[Work to be completed]
Give only the number of lines in the records that contain the word "plant".

+++ Exercise materials +++

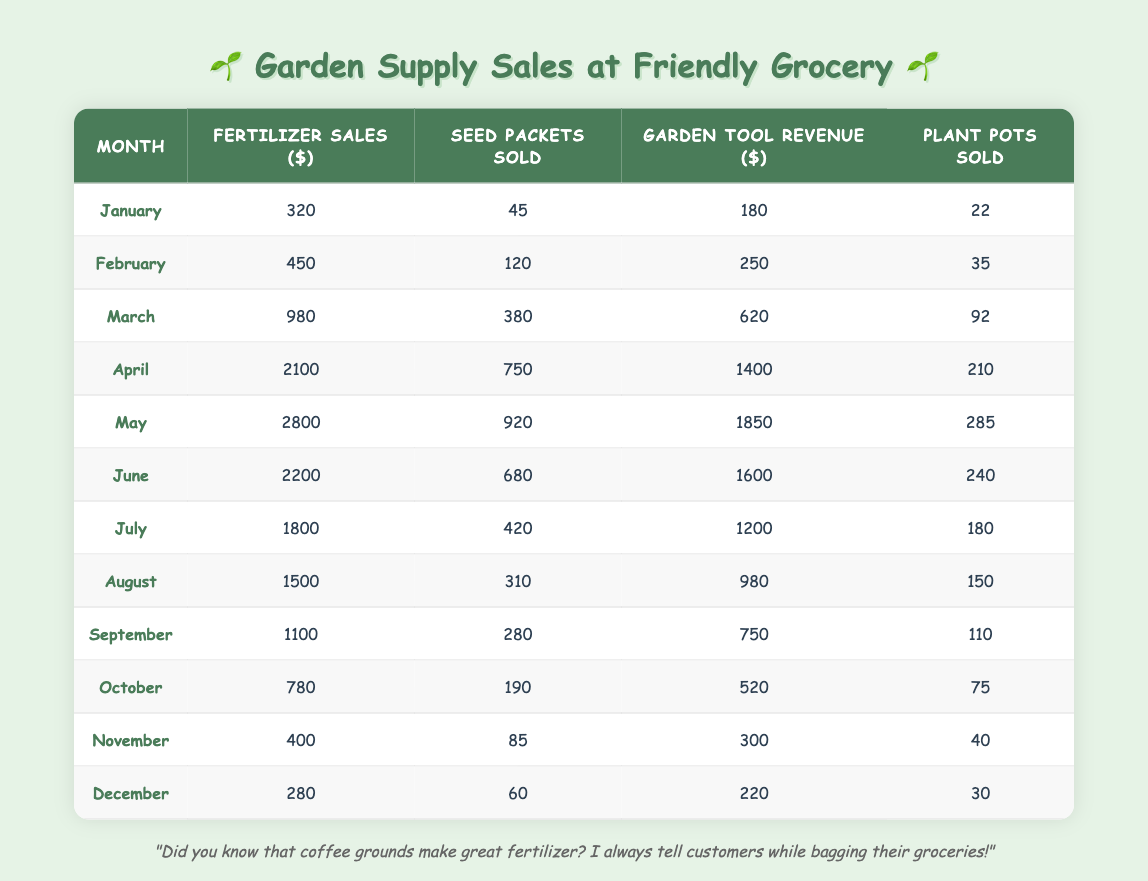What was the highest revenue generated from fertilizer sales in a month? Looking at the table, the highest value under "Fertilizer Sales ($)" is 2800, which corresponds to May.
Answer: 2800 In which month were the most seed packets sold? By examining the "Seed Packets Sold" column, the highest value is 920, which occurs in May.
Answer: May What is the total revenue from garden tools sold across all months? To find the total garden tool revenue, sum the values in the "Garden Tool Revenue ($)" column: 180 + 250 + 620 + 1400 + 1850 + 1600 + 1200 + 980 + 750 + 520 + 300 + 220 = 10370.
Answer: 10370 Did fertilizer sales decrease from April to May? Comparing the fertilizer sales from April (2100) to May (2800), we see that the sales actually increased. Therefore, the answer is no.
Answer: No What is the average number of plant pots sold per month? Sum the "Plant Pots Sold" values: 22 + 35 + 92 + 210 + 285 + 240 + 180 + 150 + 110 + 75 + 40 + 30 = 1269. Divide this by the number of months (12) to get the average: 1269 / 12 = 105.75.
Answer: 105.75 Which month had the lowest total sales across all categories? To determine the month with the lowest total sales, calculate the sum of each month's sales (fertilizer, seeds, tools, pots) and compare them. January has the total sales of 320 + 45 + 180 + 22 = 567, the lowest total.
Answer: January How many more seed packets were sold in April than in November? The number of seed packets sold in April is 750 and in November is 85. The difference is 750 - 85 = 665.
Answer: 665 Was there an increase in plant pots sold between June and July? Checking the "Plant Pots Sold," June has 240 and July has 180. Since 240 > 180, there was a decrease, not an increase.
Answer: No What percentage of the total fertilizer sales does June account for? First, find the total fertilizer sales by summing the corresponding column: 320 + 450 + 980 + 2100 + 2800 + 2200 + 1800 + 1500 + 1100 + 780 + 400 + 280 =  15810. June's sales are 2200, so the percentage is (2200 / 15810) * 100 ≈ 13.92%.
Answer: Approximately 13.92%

+++
+++ Exercise materials +++

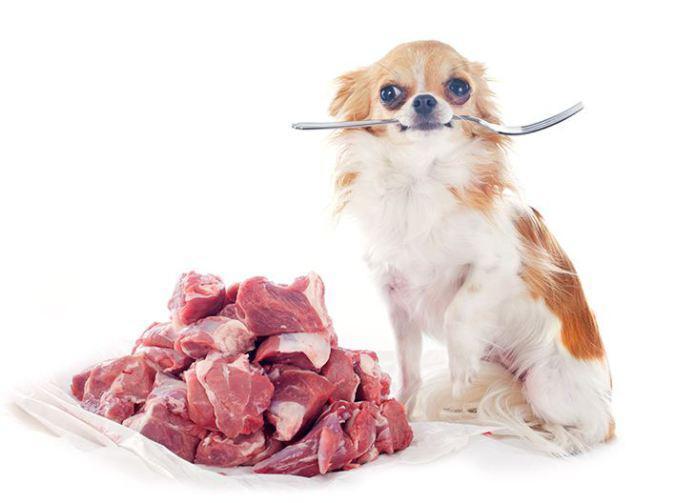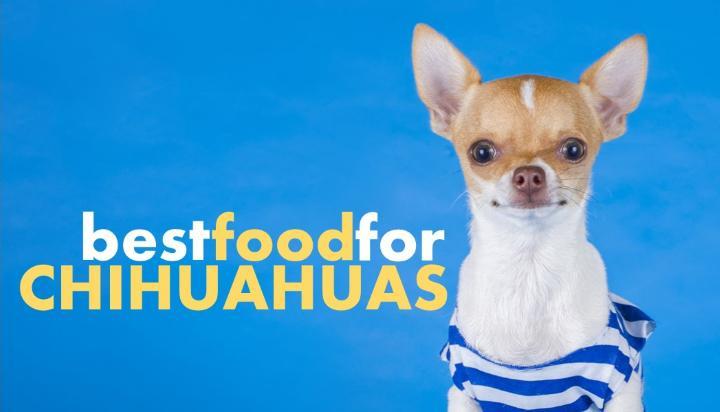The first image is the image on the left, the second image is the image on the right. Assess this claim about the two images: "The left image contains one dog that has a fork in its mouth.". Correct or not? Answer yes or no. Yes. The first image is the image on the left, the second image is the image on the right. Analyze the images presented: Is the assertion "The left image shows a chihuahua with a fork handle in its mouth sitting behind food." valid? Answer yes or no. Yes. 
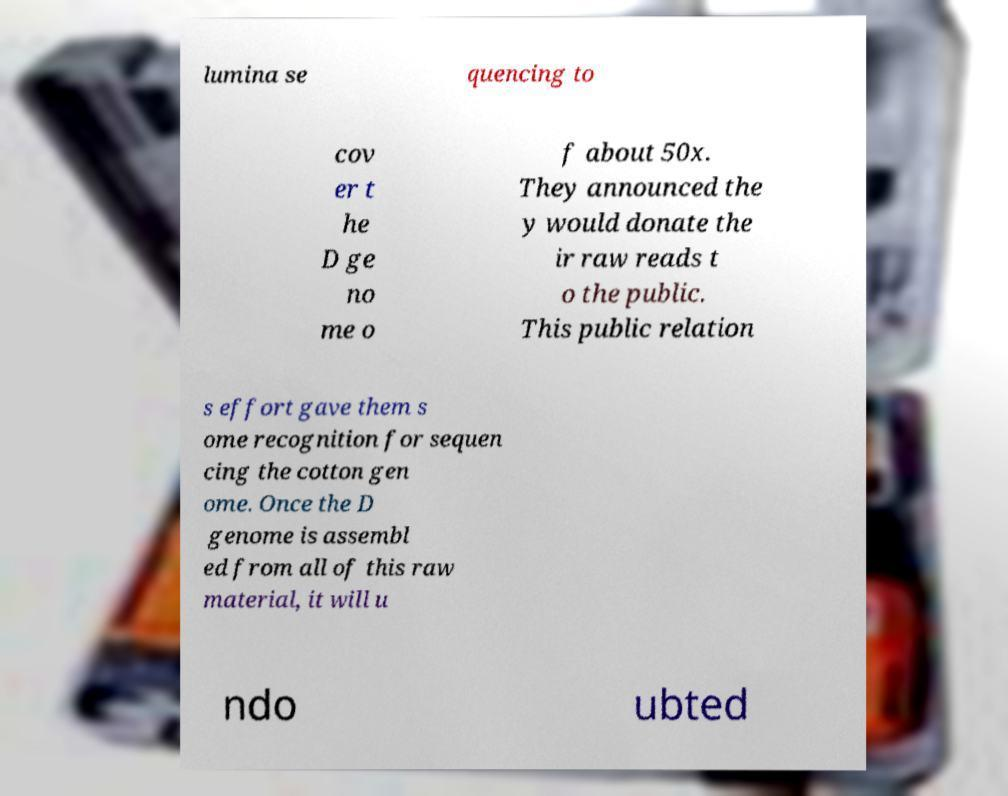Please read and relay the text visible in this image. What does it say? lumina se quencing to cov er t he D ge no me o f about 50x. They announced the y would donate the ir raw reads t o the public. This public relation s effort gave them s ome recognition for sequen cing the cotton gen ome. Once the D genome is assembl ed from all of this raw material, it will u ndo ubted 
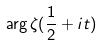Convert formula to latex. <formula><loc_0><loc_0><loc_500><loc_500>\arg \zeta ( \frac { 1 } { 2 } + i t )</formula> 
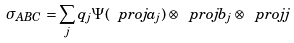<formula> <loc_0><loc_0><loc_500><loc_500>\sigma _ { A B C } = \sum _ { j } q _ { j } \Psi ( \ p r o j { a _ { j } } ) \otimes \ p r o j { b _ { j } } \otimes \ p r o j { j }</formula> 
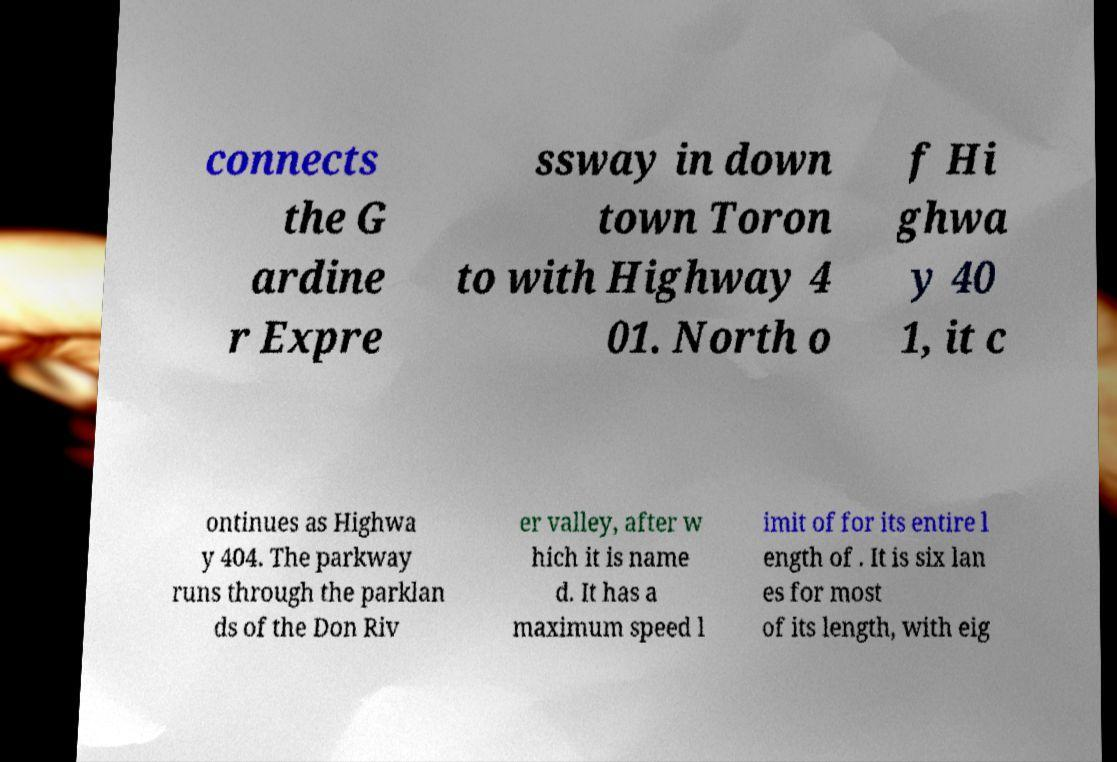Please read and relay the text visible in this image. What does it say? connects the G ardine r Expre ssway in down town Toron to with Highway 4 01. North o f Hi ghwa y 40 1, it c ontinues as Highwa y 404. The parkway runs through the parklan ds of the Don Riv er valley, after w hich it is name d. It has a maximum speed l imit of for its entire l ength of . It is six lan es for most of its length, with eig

+++

[Response]
2